Format: Criterion
Viewing: Unknown
Director: Johnnie To
As far as I know, I hadn't watched Heroic Trio (1993) all the way through since some point in college. I know I saw it in the theater with JAL during a student sponsored film series where we'd all go to the old Hogg theater in the middle of campus and ignore the bats flying around overhead and throwing little batty shadows onto the screen. I recall watching part of it with The Admiral and Steanso on broadcast TV in about 1996. And I'm pretty sure I saw it again on VHS at some point. Jamie tells me we watched at least part or most of it in Phoenix, which I don't remember - but apparently happened.
The film has been very hard to find in the US for years now. Or I would have bought it on disc - DVD or Bluray.* But now it's on Criterion Channel as part of the "Michelle Yeoh Kicks Ass" collection that spotlights her pre-US produced films as well as Crouching Tiger, Hidden Dragon, which took her Bond-based running start and made her a full-fledged star in the West.
Heroic Trio is more or less a fantasy comic-book movie with some post-Burton vibes in set design, but nuttier and occasionally much grimmer than Marvel or even DC fare, featuring a story that would need tweaking to be remade in the states. It's mostly vibes, and those vibes will change at the drop of a hat throughout the film as it can't decide if this is tragedy, comedy, horror film or what. And a movie can contain all those things, but sometimes those movies also need to find a ramping up and down into the change of tone. This movie is slapping down moods like playing cards.
Also - I'm still not sure what was going on for chunks of the movie. Some things seem to just happen like we lost a sequence or me blinking meant I missed a crucial beat.
how YOU doin'? |
Michelle Yeoh's story is a giant tragedy burger, as indicated by the paper being blown around by industrial fans everywhere she goes, but it's not clear why her target (with whom she has fallen in love) HAS to make the Invisible Cloak when he knows it's a dangerous weapon and the process of making the cloak is killing him. I mean, if I had the option between voluntarily slowly killing myself or choosing a life with Michelle Yeoh (he doesn't know she's a turncoat), I think I know what I'd pick.

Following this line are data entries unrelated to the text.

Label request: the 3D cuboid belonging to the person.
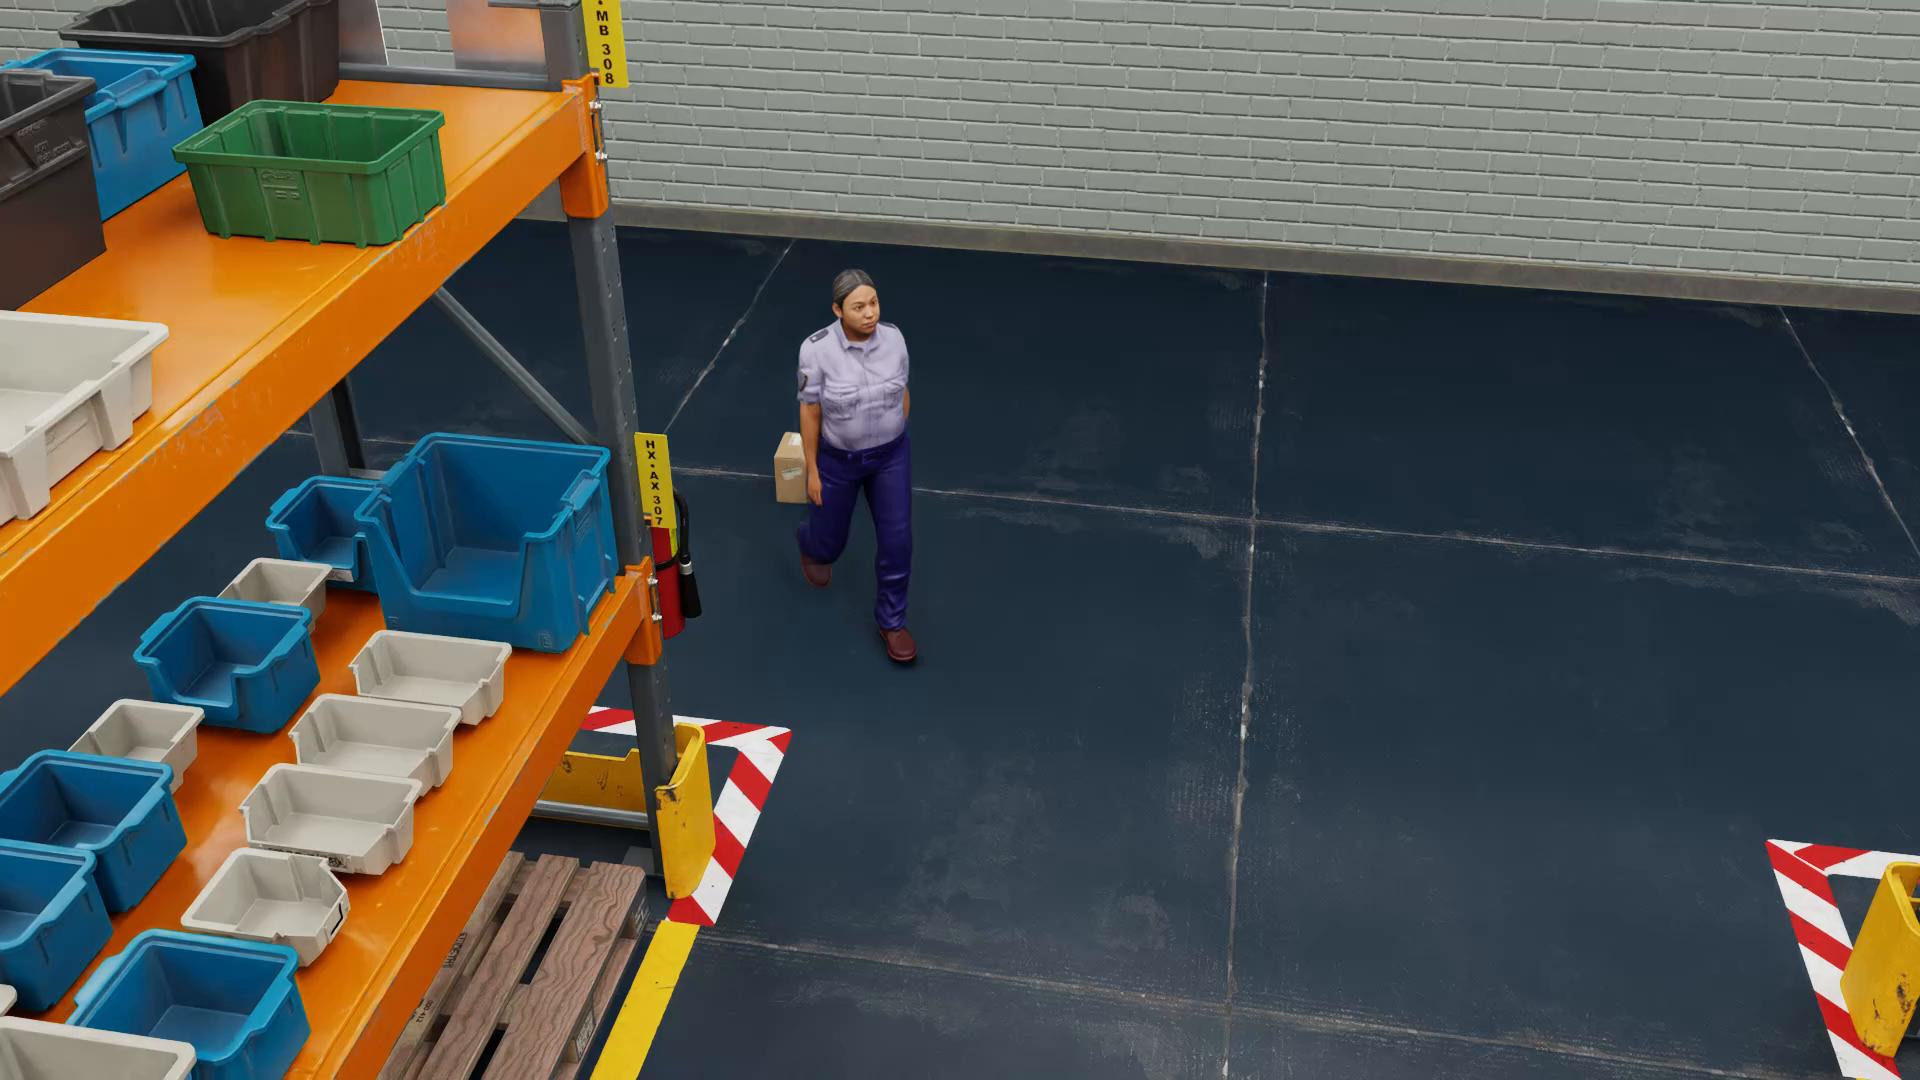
[{"bbox_3d":[-0.421,-0.355,6.687,0.473,1.615,0.807,-12,35,-18],"label":"person"}]
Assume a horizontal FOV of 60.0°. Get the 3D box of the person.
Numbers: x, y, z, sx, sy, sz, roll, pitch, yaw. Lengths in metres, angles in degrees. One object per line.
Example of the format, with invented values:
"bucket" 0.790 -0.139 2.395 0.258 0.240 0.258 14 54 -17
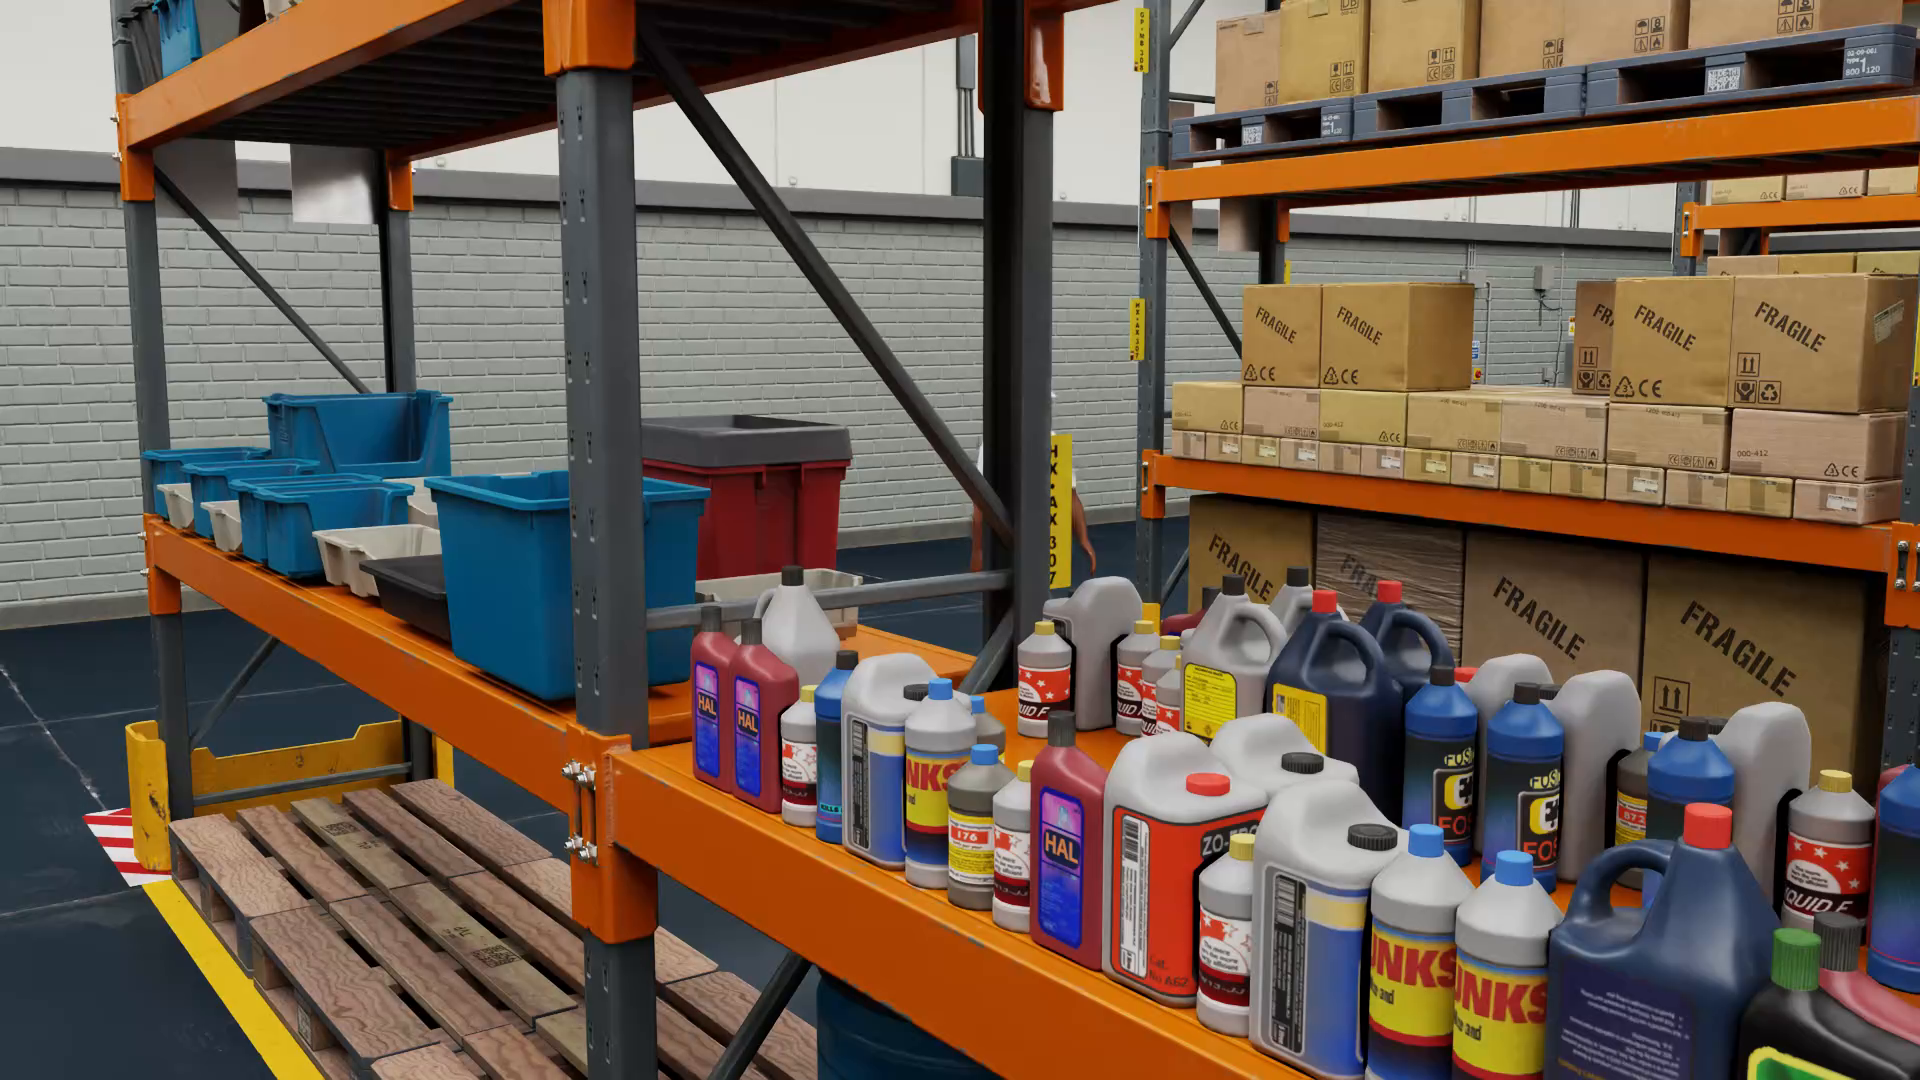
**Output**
"person" 0.456 0.049 8.218 0.933 1.732 0.582 7 11 43
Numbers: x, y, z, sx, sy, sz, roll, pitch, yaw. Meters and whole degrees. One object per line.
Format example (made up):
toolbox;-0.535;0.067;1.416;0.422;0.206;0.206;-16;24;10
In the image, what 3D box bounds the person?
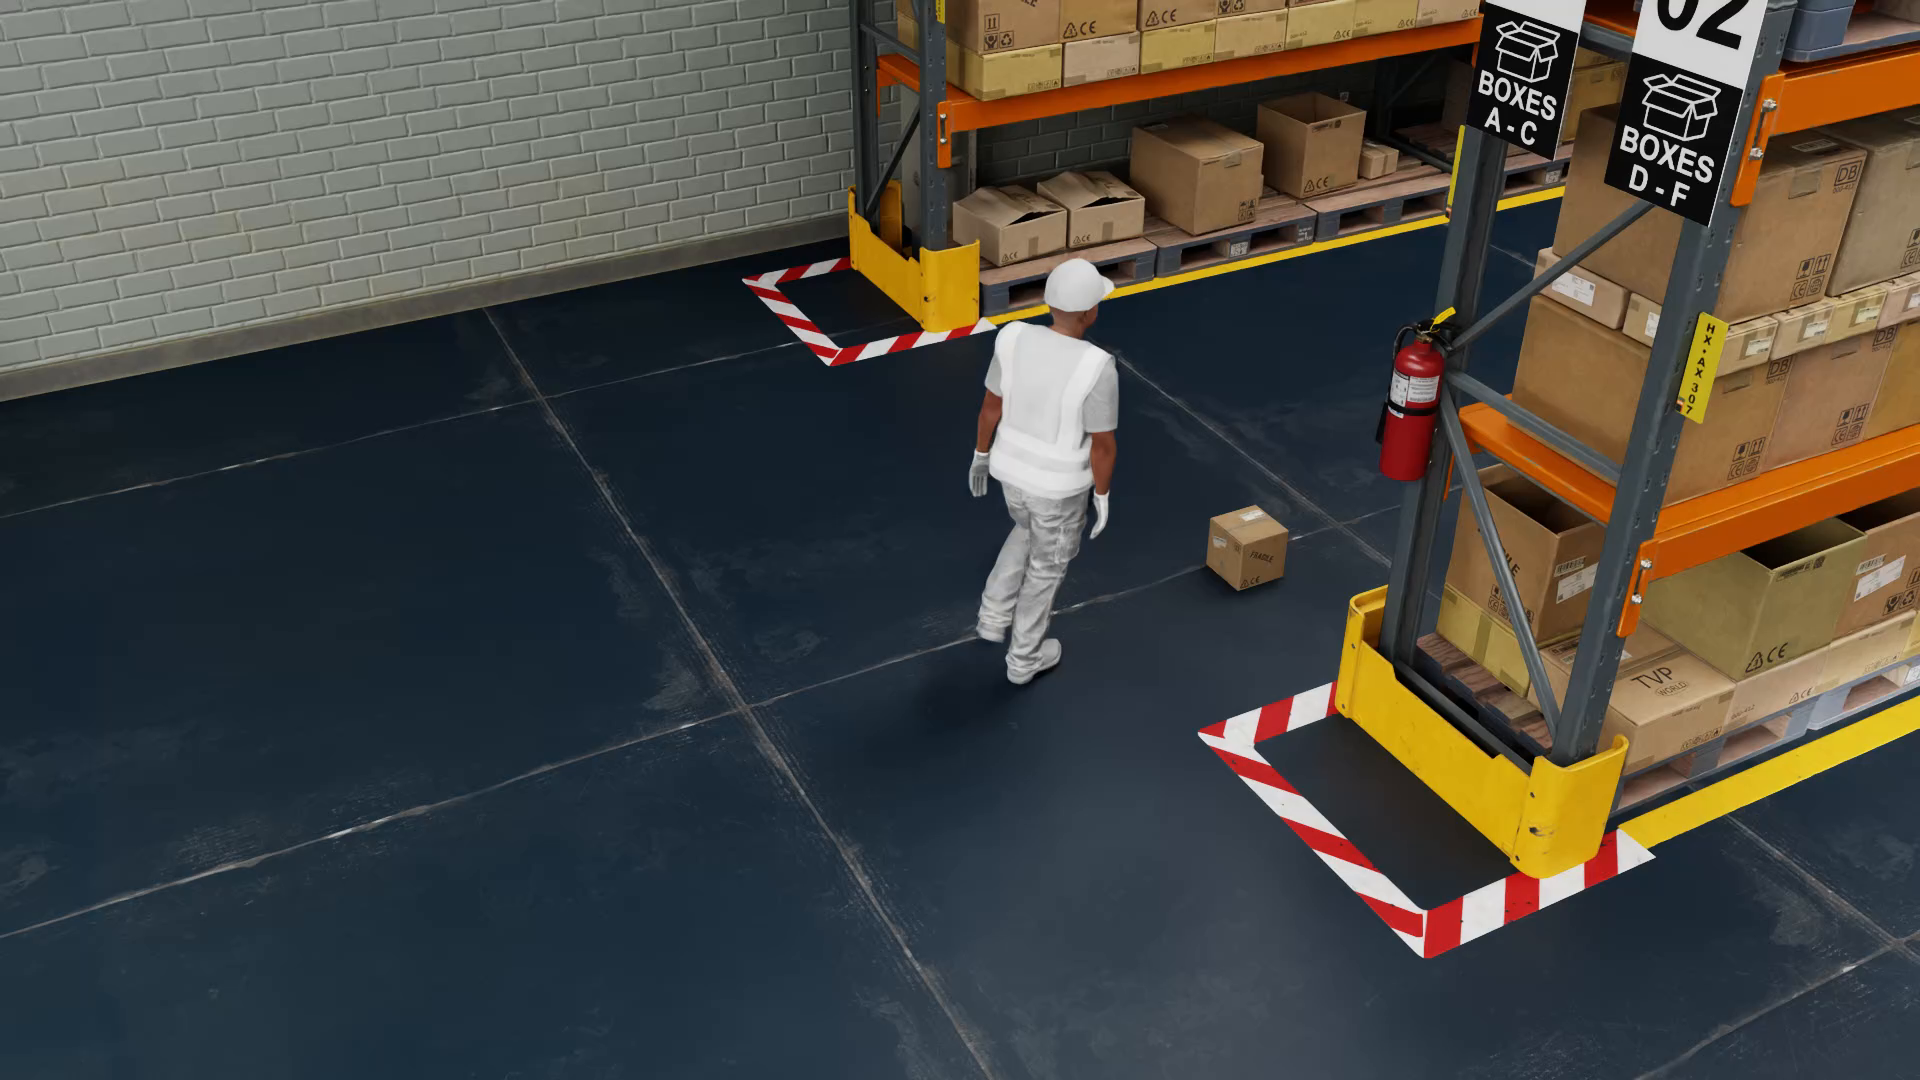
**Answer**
person;0.337;-0.246;6.476;0.598;1.771;0.482;23;40;32

Straight up, my fond memories of my initial viewings of the film are likely based on a few set pieces and the film starring Michelle Yeoh, Maggie Cheung and Anita Mui. All are talented actors, all of them are fun to watch, all of them grab the screen when they appear. As Jamie said "they've got so much charisma". If we're going by Danny's criteria for superhero films of (a) how much money did the movie make and (b) how hot are the actors - we can state that (a) info on box office is non-existent, but it seems like it was popular and earned a sequel, and (b) very to extremely.
What I'd forgotten is the movie's tonal shifts and grasping for intensity mean we get plenty of anguish, spilled blood, loosened limbs, babies as targets, babies as accident victims, small young boys as cannibals, and "heroes" who make decisions like "let's kidnap babies" and "let's murder children". This shit would not fly for US mainstream audiences. Apparently the sequel - filmed the same year - takes place years later and a nuclear apocalypse has occurred between movies. Which seems like it's own story, but no. Let's just make the world even grimmer and then go back to fighting baddies.
The fights are high-wire choreography, meant to fully exploit the possibilities of wire work, editing and a supernatural storyline, and this should have/ could have made it's way into Western film but we lack any joy in our films. Paired with the physical talents of Mui, Yeoh and Cheung kicking the crap out of things, it's a lot of fun.
At some point you just have to sit back and say "I am clearly missing cultural clues and expecting a western-style story and this isn't that" so you need to just enjoy it for what it is, or check out. Thanks to the power of Michelle Yeoh, deciding to stick around was easy-peasy.
But, yeah, it's kind of kooky to see the 2023 Oscars went to actors who came out of genre, and see what Yeoh was up to as a fresh face, now thirty years ago. And - before leaving - it's mind-boggling to see Maggie Cheung here and then in In the Mood for Love. Versatility! And pour one out for Anita Mui, who passed back in 2003.
*it was listed as a future Criterion release for 2022, but it's 2023 and hasn't yet happened, but is on the Criterion Channel, so maybe soon?